REQUIRED ACTION: Which lines run from the line with "Answer: Increasing Which" through the line with "Answer: Metformin Which" in the entries below? Print them exactly, both ends included, and nothing more.

THE DATA:
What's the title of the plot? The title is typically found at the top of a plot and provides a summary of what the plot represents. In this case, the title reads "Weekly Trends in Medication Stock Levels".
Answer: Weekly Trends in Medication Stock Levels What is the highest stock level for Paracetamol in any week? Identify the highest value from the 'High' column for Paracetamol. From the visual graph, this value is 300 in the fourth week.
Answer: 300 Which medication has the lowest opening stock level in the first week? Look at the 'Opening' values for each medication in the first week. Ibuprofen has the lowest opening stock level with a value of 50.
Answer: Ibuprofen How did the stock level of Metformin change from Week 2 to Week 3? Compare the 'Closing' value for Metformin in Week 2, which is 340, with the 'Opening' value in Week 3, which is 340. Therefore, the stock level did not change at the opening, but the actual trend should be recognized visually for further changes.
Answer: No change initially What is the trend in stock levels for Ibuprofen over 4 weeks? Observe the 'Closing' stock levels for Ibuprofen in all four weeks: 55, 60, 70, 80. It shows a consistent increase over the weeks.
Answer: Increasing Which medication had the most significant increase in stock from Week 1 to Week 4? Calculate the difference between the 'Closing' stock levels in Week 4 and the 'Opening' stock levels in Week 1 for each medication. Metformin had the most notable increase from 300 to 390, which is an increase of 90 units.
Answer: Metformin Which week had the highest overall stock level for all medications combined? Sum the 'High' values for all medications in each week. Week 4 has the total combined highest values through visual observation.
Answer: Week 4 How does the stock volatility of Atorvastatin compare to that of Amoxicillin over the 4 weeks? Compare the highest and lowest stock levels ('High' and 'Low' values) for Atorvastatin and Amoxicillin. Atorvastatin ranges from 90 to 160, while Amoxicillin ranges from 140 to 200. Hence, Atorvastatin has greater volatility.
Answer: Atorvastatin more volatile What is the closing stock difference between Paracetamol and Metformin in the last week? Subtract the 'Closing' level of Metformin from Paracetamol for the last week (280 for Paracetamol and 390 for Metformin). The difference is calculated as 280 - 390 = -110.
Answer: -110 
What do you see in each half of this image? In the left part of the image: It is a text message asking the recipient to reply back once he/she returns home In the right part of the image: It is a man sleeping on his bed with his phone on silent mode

WRITTEN REPLY:
Answer: Increasing Which medication had the most significant increase in stock from Week 1 to Week 4? Calculate the difference between the 'Closing' stock levels in Week 4 and the 'Opening' stock levels in Week 1 for each medication. Metformin had the most notable increase from 300 to 390, which is an increase of 90 units.
Answer: Metformin Which week had the highest overall stock level for all medications combined? Sum the 'High' values for all medications in each week. Week 4 has the total combined highest values through visual observation.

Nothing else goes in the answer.